How does this effect the future of those games still yet to see the light of
day?

We'll answer these questions, provide some gratuitous conspiracy theory, and
much more in The Tabula Rasa Autopsy: What Makes Games Die?

 

In the Beginning

From the ashes of an ancient conflict, a cosmic war threatens all sentient beings with enslavement or extinction. As the Eloh and Bane amass their forces for the final battle, the galaxy’s last free sentient beings are the thin line between life and death, between good and evil. From lush forest planets to volcanic moons, the Allied Free Sentients are making their last desperate stand against the relentless Bane.



Join us and free the universe from the Bane’s brutal onslaught!

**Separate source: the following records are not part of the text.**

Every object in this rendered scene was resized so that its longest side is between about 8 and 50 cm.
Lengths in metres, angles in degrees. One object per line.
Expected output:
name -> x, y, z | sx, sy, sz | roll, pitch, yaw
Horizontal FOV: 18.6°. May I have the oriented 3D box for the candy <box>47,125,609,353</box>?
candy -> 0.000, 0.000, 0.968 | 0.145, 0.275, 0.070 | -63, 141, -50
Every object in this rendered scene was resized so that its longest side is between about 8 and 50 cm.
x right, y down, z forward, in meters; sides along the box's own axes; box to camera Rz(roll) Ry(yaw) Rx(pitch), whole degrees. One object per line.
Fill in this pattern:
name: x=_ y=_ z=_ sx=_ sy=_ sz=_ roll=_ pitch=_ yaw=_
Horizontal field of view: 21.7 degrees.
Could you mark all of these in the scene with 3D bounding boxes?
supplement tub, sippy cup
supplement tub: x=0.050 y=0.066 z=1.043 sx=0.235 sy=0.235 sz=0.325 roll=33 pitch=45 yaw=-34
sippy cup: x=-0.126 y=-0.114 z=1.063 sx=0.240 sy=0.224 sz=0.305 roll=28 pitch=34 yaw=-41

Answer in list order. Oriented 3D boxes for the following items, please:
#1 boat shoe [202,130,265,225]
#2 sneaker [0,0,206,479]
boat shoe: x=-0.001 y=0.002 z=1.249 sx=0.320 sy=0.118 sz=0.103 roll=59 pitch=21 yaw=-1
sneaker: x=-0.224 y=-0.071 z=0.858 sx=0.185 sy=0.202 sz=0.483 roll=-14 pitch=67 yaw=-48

Richard Garriott is the heart and soul behind the vision of Tabula Rasa. 
Having proven his visionary skills on Ultima Online, one of the first MMORPGs, he took a break from the typical sword and magic fantasy
setting in favor of guns and aliens.  In a brutal and unforgiving world,
players were encouraged to take up arms and fight the menace that threatened to
send them into oblivion.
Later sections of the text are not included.